Please report every line of the listing below that has the word "comments" in it.

Input material Block Start

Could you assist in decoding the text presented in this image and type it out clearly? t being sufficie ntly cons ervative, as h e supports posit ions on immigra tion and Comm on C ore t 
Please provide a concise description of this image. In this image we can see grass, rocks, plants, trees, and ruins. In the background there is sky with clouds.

Input material Block End
Input material Block Start

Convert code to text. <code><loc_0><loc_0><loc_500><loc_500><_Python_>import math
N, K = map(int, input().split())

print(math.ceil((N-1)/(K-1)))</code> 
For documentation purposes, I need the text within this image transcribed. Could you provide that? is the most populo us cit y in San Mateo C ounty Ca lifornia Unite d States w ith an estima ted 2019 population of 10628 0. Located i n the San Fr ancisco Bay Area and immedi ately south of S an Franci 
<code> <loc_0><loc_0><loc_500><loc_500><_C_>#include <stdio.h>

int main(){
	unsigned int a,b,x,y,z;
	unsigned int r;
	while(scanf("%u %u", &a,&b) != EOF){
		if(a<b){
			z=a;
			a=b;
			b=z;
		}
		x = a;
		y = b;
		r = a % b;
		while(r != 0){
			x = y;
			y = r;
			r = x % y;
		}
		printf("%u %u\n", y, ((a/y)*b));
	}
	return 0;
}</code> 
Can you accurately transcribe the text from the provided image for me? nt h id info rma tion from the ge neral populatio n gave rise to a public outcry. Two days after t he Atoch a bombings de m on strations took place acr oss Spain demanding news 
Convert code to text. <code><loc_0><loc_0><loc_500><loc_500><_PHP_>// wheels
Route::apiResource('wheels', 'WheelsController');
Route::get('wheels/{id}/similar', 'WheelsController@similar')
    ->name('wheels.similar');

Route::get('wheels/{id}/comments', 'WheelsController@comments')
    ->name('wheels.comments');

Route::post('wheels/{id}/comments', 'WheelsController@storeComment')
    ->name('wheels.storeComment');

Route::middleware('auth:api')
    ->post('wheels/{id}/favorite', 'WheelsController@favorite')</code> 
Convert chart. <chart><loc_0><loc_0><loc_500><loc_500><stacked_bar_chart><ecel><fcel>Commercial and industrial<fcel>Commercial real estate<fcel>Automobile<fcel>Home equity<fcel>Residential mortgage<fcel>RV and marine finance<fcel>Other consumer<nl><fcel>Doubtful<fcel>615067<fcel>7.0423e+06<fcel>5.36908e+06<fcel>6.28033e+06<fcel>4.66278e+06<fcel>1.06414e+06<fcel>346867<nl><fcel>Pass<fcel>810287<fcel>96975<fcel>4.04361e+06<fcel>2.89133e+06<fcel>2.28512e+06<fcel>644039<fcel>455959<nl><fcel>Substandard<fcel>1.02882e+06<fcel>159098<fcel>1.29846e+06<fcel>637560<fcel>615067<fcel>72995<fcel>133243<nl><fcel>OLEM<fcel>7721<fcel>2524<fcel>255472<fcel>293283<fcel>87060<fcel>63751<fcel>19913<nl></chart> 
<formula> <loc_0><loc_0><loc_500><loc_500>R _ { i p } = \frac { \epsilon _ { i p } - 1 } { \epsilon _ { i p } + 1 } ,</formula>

Input material Block End

Solution for this problem
Route::get('wheels/{id}/comments', 'WheelsController@comments')
    ->name('wheels.comments');
Route::post('wheels/{id}/comments', 'WheelsController@storeComment')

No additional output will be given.